(Extracted records)
▽

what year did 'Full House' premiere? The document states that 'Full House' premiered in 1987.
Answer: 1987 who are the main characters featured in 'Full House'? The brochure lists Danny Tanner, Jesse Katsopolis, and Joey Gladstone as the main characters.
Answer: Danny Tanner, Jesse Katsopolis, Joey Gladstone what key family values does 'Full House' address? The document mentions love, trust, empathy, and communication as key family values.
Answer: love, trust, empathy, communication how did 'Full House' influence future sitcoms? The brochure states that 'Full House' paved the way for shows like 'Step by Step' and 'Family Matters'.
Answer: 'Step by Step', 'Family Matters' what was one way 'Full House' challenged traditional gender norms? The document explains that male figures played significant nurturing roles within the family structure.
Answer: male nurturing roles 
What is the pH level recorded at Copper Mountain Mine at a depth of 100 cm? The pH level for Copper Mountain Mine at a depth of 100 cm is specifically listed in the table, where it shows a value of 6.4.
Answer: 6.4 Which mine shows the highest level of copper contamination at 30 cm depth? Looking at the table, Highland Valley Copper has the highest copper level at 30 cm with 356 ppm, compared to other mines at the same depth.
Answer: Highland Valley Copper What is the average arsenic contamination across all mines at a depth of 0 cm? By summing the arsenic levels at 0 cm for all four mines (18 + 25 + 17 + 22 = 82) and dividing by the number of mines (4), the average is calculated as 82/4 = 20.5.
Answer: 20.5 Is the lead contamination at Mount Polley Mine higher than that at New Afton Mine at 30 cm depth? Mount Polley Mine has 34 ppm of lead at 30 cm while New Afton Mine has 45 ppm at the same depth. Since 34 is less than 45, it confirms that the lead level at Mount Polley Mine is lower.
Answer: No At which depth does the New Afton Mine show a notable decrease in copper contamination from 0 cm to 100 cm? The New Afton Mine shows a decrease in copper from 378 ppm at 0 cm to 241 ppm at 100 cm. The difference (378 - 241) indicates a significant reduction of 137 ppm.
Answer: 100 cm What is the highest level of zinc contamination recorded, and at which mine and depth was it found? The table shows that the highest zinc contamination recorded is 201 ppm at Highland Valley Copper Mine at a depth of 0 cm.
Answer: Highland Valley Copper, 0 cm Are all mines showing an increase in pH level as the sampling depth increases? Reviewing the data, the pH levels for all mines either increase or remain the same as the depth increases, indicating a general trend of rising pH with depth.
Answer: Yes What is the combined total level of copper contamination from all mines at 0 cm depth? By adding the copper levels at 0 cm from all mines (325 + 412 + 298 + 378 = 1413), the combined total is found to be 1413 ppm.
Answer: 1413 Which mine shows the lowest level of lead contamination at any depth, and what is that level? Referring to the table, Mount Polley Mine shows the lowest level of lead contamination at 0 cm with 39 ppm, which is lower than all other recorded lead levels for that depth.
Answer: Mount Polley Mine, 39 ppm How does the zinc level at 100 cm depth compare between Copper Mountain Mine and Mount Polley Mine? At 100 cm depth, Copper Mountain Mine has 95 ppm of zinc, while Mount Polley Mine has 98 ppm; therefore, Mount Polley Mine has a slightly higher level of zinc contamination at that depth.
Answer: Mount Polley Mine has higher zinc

△

WHAT THIS TASK INVOLVES | Print the records above exactly as they appear.

EXERCISE RESPONSE |
what year did 'Full House' premiere? The document states that 'Full House' premiered in 1987.
Answer: 1987 who are the main characters featured in 'Full House'? The brochure lists Danny Tanner, Jesse Katsopolis, and Joey Gladstone as the main characters.
Answer: Danny Tanner, Jesse Katsopolis, Joey Gladstone what key family values does 'Full House' address? The document mentions love, trust, empathy, and communication as key family values.
Answer: love, trust, empathy, communication how did 'Full House' influence future sitcoms? The brochure states that 'Full House' paved the way for shows like 'Step by Step' and 'Family Matters'.
Answer: 'Step by Step', 'Family Matters' what was one way 'Full House' challenged traditional gender norms? The document explains that male figures played significant nurturing roles within the family structure.
Answer: male nurturing roles 
What is the pH level recorded at Copper Mountain Mine at a depth of 100 cm? The pH level for Copper Mountain Mine at a depth of 100 cm is specifically listed in the table, where it shows a value of 6.4.
Answer: 6.4 Which mine shows the highest level of copper contamination at 30 cm depth? Looking at the table, Highland Valley Copper has the highest copper level at 30 cm with 356 ppm, compared to other mines at the same depth.
Answer: Highland Valley Copper What is the average arsenic contamination across all mines at a depth of 0 cm? By summing the arsenic levels at 0 cm for all four mines (18 + 25 + 17 + 22 = 82) and dividing by the number of mines (4), the average is calculated as 82/4 = 20.5.
Answer: 20.5 Is the lead contamination at Mount Polley Mine higher than that at New Afton Mine at 30 cm depth? Mount Polley Mine has 34 ppm of lead at 30 cm while New Afton Mine has 45 ppm at the same depth. Since 34 is less than 45, it confirms that the lead level at Mount Polley Mine is lower.
Answer: No At which depth does the New Afton Mine show a notable decrease in copper contamination from 0 cm to 100 cm? The New Afton Mine shows a decrease in copper from 378 ppm at 0 cm to 241 ppm at 100 cm. The difference (378 - 241) indicates a significant reduction of 137 ppm.
Answer: 100 cm What is the highest level of zinc contamination recorded, and at which mine and depth was it found? The table shows that the highest zinc contamination recorded is 201 ppm at Highland Valley Copper Mine at a depth of 0 cm.
Answer: Highland Valley Copper, 0 cm Are all mines showing an increase in pH level as the sampling depth increases? Reviewing the data, the pH levels for all mines either increase or remain the same as the depth increases, indicating a general trend of rising pH with depth.
Answer: Yes What is the combined total level of copper contamination from all mines at 0 cm depth? By adding the copper levels at 0 cm from all mines (325 + 412 + 298 + 378 = 1413), the combined total is found to be 1413 ppm.
Answer: 1413 Which mine shows the lowest level of lead contamination at any depth, and what is that level? Referring to the table, Mount Polley Mine shows the lowest level of lead contamination at 0 cm with 39 ppm, which is lower than all other recorded lead levels for that depth.
Answer: Mount Polley Mine, 39 ppm How does the zinc level at 100 cm depth compare between Copper Mountain Mine and Mount Polley Mine? At 100 cm depth, Copper Mountain Mine has 95 ppm of zinc, while Mount Polley Mine has 98 ppm; therefore, Mount Polley Mine has a slightly higher level of zinc contamination at that depth.
Answer: Mount Polley Mine has higher zinc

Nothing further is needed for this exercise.